(Reuters) -Trian Fund Management, run by activist investor Nelson Peltz, said on Friday it will not pursue a takeover of Wendy’s Co, months after the company’s largest shareholder said it was considering a potential bid for the burger chain.
Shares of Wendy’s, which had fallen about 5% in 2022, were down about 1% in premarket trading.
Trian said in May last year it was exploring taking over Wendy’s, either on its own or with others, almost two decades after Peltz invested in the company.
On Friday, Wendy’s separately announced a new $500 million share buyback plan and doubled its quarterly dividend to 25 cents per share.
The hedge fund in a filing said the company’s move to return additional capital to shareholders through share repurchases and increased cash dividends “was the appropriate path to enhance shareholder value at this time.”
The firm added it believes Wendy’s is well positioned to deliver significant long-term value for shareholders.

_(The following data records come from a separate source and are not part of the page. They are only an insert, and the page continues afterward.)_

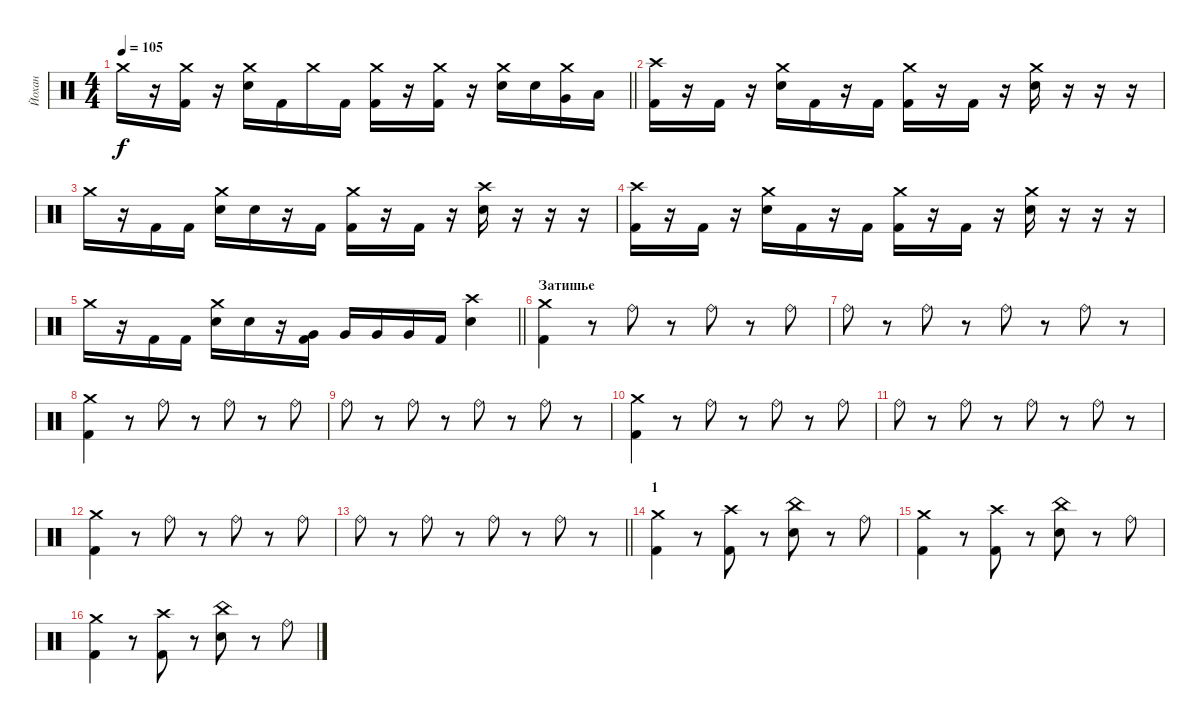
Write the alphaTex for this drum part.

\track ("Йохан" "Йохан") {instrument percussion}
\staff {score}
\articulation defaults
\ts (4 4)
\tempo 105
\clef neutral
\barLineRight lightlight
\ks c "Crash medium (hit)".16{dy f}
r.16 ("Crash medium (hit)" "Kick (hit) 2").16 r.16 ("Crash medium (hit)" "Snare (hit) 2").16 "Kick (hit) 2".16 "Crash medium (hit)".16 "Kick (hit) 2".16 ("Crash medium (hit)" "Kick (hit) 2").16 r.16 ("Crash medium (hit)" "Kick (hit) 2").16 r.16 ("Crash medium (hit)" "Snare (hit) 2").16 "Snare (hit) 2".16 ("Crash medium (hit)" "Very Low Tom (hit)").16 "Low Tom (hit)".16 |
("Crash high (hit)" "Kick (hit) 2").16 r.16 "Kick (hit) 2".16 r.16 ("Crash medium (hit)" "Snare (hit) 2").16 "Kick (hit) 2".16 r.16 "Kick (hit) 2".16 ("Crash medium (hit)" "Kick (hit) 2").16 r.16 "Kick (hit) 2".16 r.16 ("Crash medium (hit)" "Snare (hit) 2").16 r.16 r.16 r.16 |
"Crash medium (hit)".16 r.16 "Kick (hit) 2".16 "Kick (hit) 2".16 ("Crash medium (hit)" "Snare (hit) 2").16 "Snare (hit) 2".16 r.16 "Kick (hit) 2".16 ("Crash medium (hit)" "Kick (hit) 2").16 r.16 "Kick (hit) 2".16 r.16 ("Crash high (hit)" "Snare (hit) 2").16 r.16 r.16 r.16 |
("Crash high (hit)" "Kick (hit) 2").16 r.16 "Kick (hit) 2".16 r.16 ("Crash medium (hit)" "Snare (hit) 2").16 "Kick (hit) 2".16 r.16 "Kick (hit) 2".16 ("Crash medium (hit)" "Kick (hit) 2").16 r.16 "Kick (hit) 2".16 r.16 ("Crash medium (hit)" "Snare (hit) 2").16 r.16 r.16 r.16 |
\barLineRight lightlight "Crash medium (hit)".16
r.16 "Kick (hit) 2".16 "Kick (hit) 2".16 ("Crash medium (hit)" "Snare (hit) 2").16 "Snare (hit) 2".16 r.16 ("Very Low Tom (hit)" "Kick (hit) 2").16 "Very Low Tom (hit)".16 "Very Low Tom (hit)".16 "Very Low Tom (hit)".16 "Kick (hit) 2".16 ("Crash high (hit)" "Snare (hit) 2").4 |
\section ("" "Затишье")
("Crash medium (hit)" "Kick (hit) 2").4 r.8 "Ride (bell)".8 r.8 "Ride (bell)".8 r.8 "Ride (bell)".8 |
"Ride (bell)".8 r.8 "Ride (bell)".8 r.8 "Ride (bell)".8 r.8 "Ride (bell)".8 r.8 |
("Crash medium (hit)" "Kick (hit) 2").4 r.8 "Ride (bell)".8 r.8 "Ride (bell)".8 r.8 "Ride (bell)".8 |
"Ride (bell)".8 r.8 "Ride (bell)".8 r.8 "Ride (bell)".8 r.8 "Ride (bell)".8 r.8 |
("Crash medium (hit)" "Kick (hit) 2").4 r.8 "Ride (bell)".8 r.8 "Ride (bell)".8 r.8 "Ride (bell)".8 |
"Ride (bell)".8 r.8 "Ride (bell)".8 r.8 "Ride (bell)".8 r.8 "Ride (bell)".8 r.8 |
("Crash medium (hit)" "Kick (hit) 2").4 r.8 "Ride (bell)".8 r.8 "Ride (bell)".8 r.8 "Ride (bell)".8 |
\barLineRight lightlight "Ride (bell)".8
r.8 "Ride (bell)".8 r.8 "Ride (bell)".8 r.8 "Ride (bell)".8 r.8 |
\section ("" "1")
("Crash medium (hit)" "Kick (hit) 2").4 r.8 ("Crash high (hit)" "Kick (hit) 2").8 r.8 ("China (hit)" "Snare (hit) 2").8 r.8 "Ride (bell)".8 |
("Crash medium (hit)" "Kick (hit) 2").4 r.8 ("Crash high (hit)" "Kick (hit) 2").8 r.8 ("China (hit)" "Snare (hit) 2").8 r.8 "Ride (bell)".8 |
("Crash medium (hit)" "Kick (hit) 2").4 r.8 ("Crash high (hit)" "Kick (hit) 2").8 r.8 ("China (hit)" "Snare (hit) 2").8 r.8 "Ride (bell)".8

Wendy’s said in an emailed statement to Reuters that it looks forward to continuing its partnership with Trian and “are pleased with Trian’s confidence in our growth strategy.”
The company has had a long history with Peltz and Trian after the firm first invested in Wendy’s in 2005 and began pushing for changes in late 2008.
According to a latest regulatory filing, Peltz, along with Trian and affiliates, owns a 19.35% stake in Wendy’s.
Peltz on Thursday also formally launched a battle for a board seat at Walt Disney Co, seen as a serious challenge to Disney Chief Executive Bob Iger, who recently returned from retirement to lead the company for a second time.